As the seasons change from wintery hell to blistering heat, so too do causes of pedestrian injuries morph from unsafe sidewalks to traffic collisions. It must be summer.

Yesterday, a 40-year-old woman was hit in a crosswalk at the intersection of Hollis and Morris. The police say she received minor injuries to her hand and knee, and was treated by EHS at the scene. The 45-year-old male driver who hit her with his car was issued a ticket for failing to yield.

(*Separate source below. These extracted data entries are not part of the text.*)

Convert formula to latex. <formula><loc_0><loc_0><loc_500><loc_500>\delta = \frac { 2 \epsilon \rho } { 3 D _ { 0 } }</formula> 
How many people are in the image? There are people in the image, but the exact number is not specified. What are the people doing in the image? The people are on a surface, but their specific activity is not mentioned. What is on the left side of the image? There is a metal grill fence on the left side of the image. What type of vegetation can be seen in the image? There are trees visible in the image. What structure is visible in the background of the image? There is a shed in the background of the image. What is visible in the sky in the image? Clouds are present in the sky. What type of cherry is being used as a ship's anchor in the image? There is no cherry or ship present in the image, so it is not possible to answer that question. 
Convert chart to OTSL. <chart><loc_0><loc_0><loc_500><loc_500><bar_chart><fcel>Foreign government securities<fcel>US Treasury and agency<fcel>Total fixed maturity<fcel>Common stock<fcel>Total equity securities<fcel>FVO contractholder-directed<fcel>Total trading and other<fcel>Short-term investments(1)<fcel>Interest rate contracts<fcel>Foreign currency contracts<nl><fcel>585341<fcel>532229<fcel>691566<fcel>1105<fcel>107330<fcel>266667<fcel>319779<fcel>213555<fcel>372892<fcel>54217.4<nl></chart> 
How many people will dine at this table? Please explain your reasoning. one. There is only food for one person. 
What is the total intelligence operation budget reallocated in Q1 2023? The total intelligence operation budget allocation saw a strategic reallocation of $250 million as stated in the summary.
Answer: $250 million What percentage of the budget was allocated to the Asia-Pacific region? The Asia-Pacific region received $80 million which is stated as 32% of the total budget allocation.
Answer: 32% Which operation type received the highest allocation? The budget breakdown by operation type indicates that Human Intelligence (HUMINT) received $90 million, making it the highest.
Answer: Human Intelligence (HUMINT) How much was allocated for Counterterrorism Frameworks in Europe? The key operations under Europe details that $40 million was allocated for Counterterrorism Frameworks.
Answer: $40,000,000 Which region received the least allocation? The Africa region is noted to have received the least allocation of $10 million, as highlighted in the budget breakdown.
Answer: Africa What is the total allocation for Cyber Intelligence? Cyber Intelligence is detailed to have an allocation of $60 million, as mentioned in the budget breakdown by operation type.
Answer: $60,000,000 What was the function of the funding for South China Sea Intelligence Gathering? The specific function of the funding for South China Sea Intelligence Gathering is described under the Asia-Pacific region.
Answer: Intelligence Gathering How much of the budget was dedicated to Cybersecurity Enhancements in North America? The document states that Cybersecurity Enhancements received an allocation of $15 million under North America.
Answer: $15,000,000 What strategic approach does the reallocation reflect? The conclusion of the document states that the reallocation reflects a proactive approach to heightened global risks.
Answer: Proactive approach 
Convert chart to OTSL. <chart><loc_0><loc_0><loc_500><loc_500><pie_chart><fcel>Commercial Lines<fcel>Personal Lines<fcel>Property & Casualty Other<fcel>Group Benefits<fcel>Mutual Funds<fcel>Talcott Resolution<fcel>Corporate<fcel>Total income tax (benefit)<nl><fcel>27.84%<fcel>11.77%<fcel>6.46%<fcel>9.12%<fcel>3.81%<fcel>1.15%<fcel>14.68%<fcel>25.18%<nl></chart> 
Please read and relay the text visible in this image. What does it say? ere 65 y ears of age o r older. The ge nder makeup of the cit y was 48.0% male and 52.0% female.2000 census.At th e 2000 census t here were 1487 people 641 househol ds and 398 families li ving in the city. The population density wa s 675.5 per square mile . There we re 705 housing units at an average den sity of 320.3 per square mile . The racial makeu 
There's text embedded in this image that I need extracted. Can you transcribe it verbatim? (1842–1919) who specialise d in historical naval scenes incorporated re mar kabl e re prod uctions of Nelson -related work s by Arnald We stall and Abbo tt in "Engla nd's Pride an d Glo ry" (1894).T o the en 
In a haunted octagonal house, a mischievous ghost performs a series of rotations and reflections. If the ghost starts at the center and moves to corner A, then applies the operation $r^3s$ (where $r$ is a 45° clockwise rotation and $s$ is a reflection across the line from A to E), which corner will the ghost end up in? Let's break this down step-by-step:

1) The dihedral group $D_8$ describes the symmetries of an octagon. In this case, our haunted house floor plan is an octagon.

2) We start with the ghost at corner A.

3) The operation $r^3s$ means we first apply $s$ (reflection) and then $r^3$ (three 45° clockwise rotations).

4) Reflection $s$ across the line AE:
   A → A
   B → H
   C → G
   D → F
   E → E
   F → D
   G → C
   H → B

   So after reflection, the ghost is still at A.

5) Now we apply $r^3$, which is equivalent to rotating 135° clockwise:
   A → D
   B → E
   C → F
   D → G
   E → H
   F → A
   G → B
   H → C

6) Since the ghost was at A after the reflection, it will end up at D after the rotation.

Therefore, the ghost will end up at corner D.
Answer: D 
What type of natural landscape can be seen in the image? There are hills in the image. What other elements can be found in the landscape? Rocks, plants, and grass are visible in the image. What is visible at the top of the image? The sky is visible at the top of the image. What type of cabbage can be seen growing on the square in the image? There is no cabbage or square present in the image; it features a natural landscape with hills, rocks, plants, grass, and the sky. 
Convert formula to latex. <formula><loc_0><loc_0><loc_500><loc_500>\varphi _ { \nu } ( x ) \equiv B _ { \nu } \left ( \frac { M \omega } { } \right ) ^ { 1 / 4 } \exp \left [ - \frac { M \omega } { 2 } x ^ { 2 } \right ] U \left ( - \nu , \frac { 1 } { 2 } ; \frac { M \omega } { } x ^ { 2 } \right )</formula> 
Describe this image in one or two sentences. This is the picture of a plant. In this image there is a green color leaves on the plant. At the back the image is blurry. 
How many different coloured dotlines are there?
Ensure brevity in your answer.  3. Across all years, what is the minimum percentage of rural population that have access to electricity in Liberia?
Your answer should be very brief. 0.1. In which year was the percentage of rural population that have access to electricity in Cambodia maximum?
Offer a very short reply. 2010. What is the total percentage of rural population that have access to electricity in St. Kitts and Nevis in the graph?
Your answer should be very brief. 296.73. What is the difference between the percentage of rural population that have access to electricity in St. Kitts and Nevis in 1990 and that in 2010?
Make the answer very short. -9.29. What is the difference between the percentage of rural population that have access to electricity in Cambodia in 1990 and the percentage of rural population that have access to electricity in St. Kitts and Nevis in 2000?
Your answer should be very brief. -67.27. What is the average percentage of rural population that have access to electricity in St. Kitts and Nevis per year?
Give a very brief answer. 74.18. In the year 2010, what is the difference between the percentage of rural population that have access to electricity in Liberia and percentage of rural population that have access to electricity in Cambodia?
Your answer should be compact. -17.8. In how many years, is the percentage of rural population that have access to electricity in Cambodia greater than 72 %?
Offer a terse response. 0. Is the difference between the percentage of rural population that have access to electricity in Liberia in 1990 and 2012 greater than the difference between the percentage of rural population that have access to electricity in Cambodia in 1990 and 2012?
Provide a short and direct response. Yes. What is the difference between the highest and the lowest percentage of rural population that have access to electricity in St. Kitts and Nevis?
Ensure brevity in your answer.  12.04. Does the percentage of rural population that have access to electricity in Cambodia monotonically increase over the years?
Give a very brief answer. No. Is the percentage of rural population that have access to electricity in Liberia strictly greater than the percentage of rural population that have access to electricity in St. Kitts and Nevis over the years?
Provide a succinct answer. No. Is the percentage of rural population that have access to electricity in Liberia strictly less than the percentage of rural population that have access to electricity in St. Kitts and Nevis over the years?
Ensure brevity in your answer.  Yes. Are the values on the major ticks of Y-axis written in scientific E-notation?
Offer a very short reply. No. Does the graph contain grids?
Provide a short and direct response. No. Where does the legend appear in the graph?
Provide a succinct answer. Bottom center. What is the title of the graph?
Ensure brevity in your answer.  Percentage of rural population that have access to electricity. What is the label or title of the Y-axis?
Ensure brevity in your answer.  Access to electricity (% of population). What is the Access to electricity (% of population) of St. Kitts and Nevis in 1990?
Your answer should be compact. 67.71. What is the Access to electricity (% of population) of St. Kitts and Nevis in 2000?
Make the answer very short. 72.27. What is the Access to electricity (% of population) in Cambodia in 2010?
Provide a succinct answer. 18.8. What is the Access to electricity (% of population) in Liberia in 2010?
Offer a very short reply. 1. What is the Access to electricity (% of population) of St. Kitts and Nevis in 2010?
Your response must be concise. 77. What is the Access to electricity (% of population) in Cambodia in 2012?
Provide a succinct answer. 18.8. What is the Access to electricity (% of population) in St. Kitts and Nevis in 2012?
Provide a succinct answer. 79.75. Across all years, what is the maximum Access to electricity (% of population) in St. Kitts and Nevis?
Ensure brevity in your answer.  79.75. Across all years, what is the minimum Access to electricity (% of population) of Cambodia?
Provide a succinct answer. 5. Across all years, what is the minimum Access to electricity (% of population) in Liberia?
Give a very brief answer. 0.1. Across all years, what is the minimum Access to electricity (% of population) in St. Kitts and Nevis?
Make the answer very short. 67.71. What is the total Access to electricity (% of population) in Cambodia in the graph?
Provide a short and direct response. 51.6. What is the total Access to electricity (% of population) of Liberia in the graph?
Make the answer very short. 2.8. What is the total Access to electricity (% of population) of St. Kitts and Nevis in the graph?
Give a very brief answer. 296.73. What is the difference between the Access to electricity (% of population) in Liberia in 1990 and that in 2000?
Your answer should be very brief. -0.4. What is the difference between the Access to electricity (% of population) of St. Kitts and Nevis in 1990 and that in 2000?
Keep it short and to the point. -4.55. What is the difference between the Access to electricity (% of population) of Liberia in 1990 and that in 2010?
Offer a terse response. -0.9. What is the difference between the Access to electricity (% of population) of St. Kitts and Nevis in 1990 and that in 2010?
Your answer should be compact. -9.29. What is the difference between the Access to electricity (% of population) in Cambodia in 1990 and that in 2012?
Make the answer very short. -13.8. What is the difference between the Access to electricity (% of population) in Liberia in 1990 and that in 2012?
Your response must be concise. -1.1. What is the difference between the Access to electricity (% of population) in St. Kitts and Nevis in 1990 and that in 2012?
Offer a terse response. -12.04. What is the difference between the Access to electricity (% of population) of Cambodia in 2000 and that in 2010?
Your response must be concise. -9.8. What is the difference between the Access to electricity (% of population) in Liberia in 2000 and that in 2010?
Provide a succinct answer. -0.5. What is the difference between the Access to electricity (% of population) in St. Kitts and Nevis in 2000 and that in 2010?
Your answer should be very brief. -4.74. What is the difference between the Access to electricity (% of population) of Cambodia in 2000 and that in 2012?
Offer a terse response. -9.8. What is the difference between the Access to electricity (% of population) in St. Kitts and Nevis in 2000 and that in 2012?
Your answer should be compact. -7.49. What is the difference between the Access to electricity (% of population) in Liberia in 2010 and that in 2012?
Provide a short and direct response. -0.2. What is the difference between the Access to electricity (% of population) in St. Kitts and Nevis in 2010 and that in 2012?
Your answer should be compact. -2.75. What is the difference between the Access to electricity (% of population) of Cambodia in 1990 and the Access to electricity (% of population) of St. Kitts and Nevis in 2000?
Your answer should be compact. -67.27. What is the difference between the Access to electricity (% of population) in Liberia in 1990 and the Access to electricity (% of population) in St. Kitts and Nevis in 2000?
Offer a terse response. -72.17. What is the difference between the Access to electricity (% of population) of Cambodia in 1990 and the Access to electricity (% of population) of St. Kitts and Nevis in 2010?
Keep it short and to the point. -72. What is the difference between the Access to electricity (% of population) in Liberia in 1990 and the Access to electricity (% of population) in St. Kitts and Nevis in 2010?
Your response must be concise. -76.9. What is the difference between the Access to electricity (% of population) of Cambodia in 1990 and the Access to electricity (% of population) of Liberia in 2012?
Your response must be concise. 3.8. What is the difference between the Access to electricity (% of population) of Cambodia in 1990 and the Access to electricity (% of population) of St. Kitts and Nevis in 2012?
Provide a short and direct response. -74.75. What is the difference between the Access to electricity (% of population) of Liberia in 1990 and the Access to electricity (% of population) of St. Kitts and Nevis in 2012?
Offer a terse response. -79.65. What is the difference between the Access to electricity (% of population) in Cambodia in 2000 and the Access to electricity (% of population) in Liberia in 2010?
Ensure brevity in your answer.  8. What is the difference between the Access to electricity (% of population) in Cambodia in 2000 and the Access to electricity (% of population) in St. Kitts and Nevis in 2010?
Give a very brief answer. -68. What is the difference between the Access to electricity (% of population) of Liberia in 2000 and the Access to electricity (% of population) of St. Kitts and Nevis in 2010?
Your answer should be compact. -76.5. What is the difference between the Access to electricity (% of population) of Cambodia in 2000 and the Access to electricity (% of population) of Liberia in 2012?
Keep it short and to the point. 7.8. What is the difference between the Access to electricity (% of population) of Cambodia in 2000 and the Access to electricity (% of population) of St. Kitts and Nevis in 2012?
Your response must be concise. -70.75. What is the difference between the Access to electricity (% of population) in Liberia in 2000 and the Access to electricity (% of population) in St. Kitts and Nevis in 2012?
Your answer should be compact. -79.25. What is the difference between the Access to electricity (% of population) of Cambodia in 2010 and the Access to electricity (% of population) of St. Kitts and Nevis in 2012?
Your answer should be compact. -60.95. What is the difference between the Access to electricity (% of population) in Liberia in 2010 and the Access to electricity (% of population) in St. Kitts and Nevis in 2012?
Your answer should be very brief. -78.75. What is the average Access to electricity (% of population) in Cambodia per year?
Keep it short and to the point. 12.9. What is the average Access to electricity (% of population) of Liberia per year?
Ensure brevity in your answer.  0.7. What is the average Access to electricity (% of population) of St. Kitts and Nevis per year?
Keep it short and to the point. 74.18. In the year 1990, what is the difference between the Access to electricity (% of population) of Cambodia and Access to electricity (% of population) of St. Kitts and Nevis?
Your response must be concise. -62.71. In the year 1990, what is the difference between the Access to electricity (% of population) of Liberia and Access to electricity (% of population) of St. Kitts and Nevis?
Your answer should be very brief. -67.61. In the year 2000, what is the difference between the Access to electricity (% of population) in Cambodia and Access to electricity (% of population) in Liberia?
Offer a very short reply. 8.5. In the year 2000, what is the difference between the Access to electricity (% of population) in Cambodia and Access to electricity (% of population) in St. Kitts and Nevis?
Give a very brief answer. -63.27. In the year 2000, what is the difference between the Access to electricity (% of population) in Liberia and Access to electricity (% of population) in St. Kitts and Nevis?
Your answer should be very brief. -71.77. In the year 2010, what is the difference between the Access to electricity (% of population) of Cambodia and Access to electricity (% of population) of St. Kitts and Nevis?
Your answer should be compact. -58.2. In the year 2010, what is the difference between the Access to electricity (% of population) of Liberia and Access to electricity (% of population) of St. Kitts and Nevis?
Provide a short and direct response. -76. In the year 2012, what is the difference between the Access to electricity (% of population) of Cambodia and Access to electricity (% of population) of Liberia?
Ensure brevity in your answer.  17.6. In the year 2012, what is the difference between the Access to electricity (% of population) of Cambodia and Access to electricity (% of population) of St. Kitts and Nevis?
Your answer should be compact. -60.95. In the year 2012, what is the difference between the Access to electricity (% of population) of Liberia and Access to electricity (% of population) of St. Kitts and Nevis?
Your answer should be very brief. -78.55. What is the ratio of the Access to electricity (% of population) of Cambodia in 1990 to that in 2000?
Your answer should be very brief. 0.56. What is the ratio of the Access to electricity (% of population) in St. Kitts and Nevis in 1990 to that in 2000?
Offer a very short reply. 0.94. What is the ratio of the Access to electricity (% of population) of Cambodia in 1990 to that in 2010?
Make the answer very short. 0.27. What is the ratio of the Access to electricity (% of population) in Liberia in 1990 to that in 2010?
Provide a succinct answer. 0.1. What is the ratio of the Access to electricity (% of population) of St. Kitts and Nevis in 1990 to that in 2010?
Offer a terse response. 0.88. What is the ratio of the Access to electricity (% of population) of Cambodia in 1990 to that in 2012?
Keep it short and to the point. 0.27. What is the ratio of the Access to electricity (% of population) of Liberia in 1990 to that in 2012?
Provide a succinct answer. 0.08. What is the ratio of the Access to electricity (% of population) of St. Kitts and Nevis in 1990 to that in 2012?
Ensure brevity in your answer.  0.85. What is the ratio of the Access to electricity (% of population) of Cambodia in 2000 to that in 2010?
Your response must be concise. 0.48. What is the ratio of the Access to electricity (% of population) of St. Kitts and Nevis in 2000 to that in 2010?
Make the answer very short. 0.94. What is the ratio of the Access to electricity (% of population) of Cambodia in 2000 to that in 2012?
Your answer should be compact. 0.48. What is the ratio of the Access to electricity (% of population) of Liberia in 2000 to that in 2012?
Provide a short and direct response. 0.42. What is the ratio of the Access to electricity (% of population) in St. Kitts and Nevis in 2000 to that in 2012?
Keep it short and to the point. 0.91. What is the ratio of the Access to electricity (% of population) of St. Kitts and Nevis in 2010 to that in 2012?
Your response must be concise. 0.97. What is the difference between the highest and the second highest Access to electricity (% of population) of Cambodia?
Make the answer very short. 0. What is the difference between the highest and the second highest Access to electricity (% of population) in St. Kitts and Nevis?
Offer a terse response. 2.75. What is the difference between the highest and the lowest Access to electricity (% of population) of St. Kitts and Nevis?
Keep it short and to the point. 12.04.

If you’ll recall the events of last summer, then you’ll remember Halifax drivers are really bad at not hitting human beings in crosswalks. It sadly looks like the trend might continue. Forty-nine percent of vehicle/pedestrian collisions since January 1 have occurred in crosswalks. That’s actually down since the same period last year (at 64 percent), but it’s still 65 pedestrians injured this year walking in the one part of the road they’re supposed to be safe. Two people have already died, and there’s a lot of pedestrian-friendly weather to come.


In an effort to reverse the tide, Halifax Police, Heads-Up Halifax, Halifax Transit and the Halifax Cycling Coalition will be hosting a Traffic Safety Celebration (along with corporate partner TELUS, because everything needs a corporate partner now) at Victoria Park this weekend.


Saturday, May 30, residents can attend a community barbeque from noon to 1:30pm (while supplies last) and “participate in fun kids activities with face painting and a balloon artist.”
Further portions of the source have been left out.